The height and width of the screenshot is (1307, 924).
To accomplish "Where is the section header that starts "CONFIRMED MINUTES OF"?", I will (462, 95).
...
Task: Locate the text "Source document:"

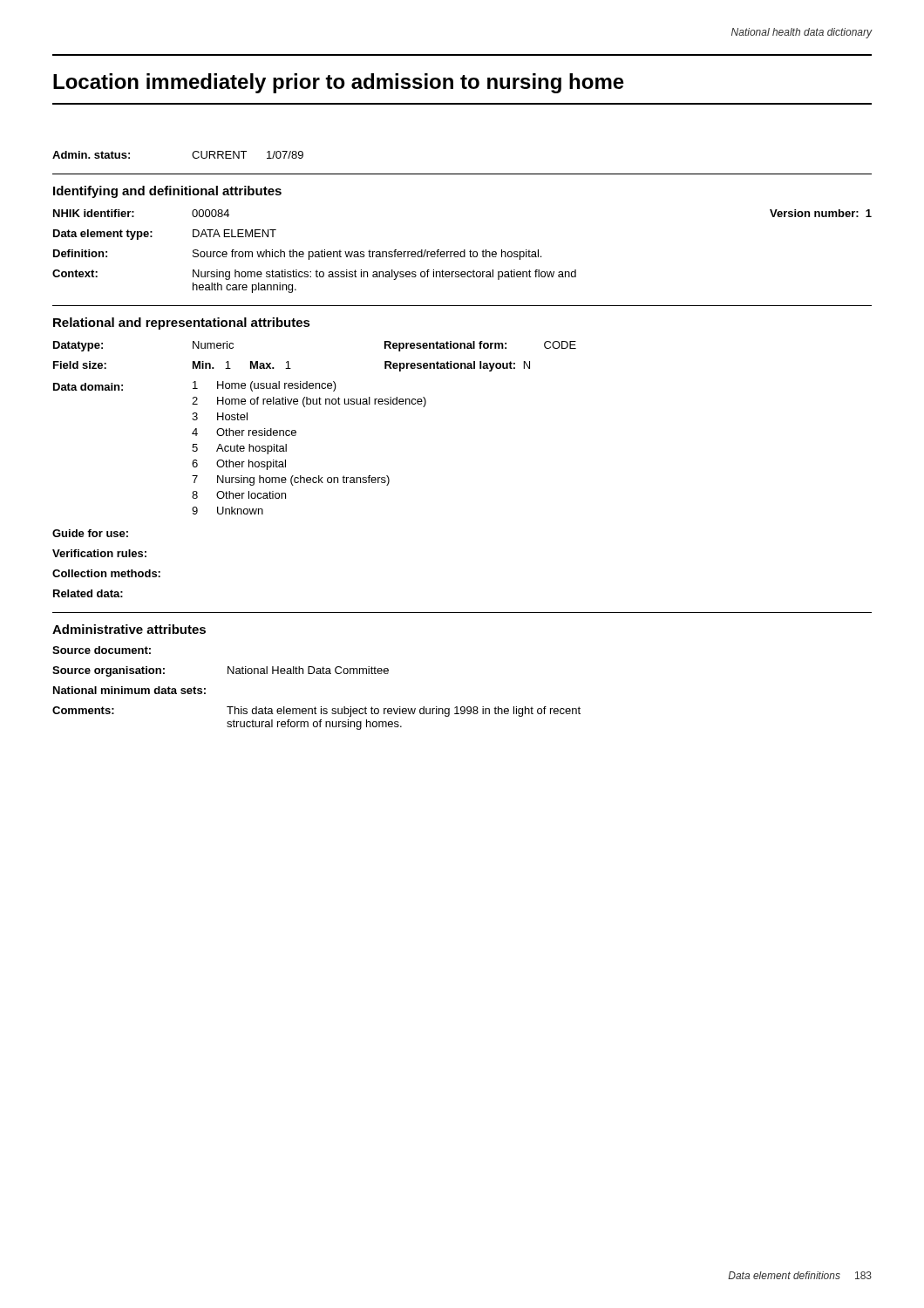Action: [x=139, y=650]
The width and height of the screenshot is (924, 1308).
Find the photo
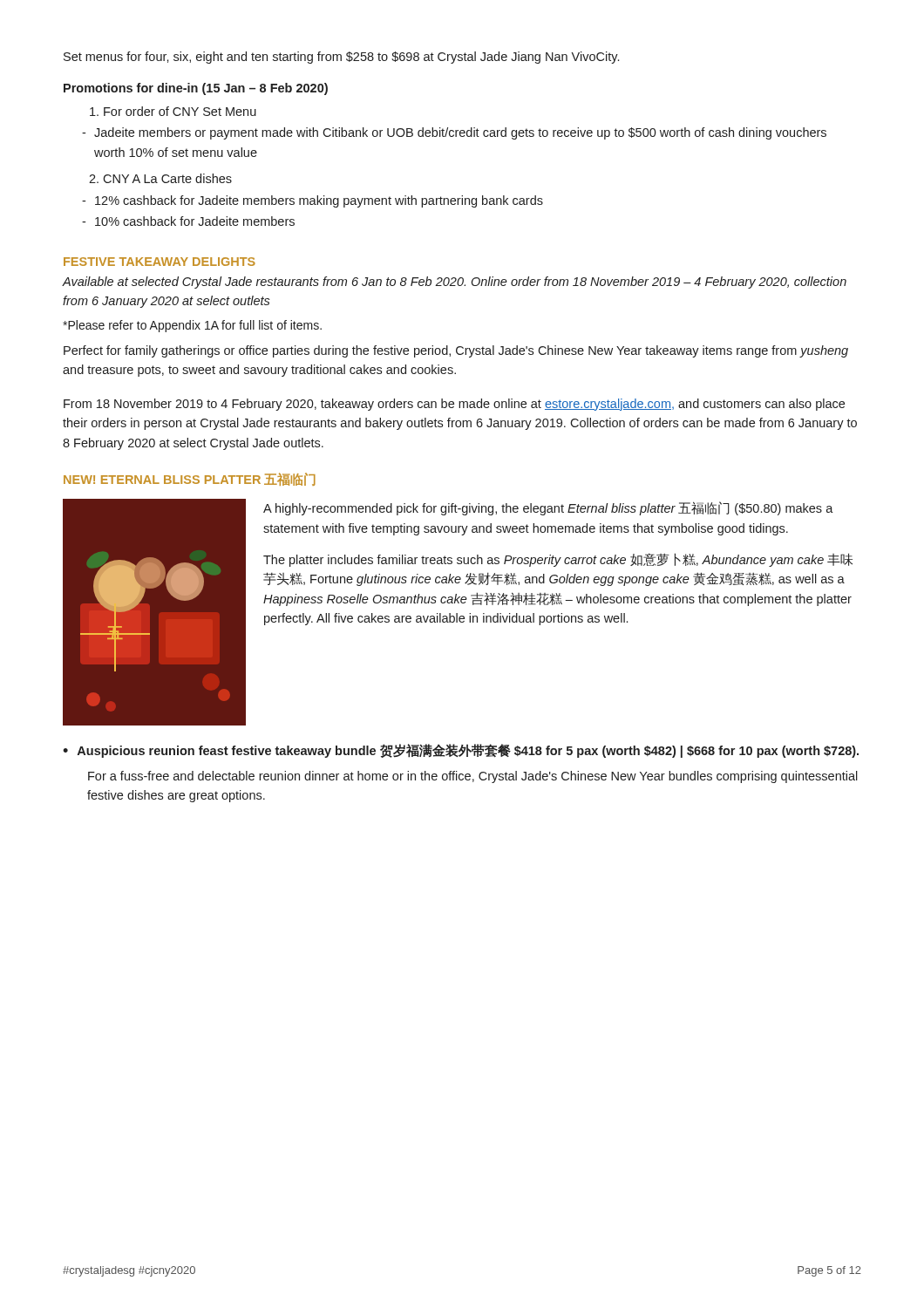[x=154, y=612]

:: Assignment ::
Take each line of the material that contains the word "height" and list it.

:: Answer area ::
The height and width of the screenshot is (1307, 924).
The width and height of the screenshot is (924, 1308).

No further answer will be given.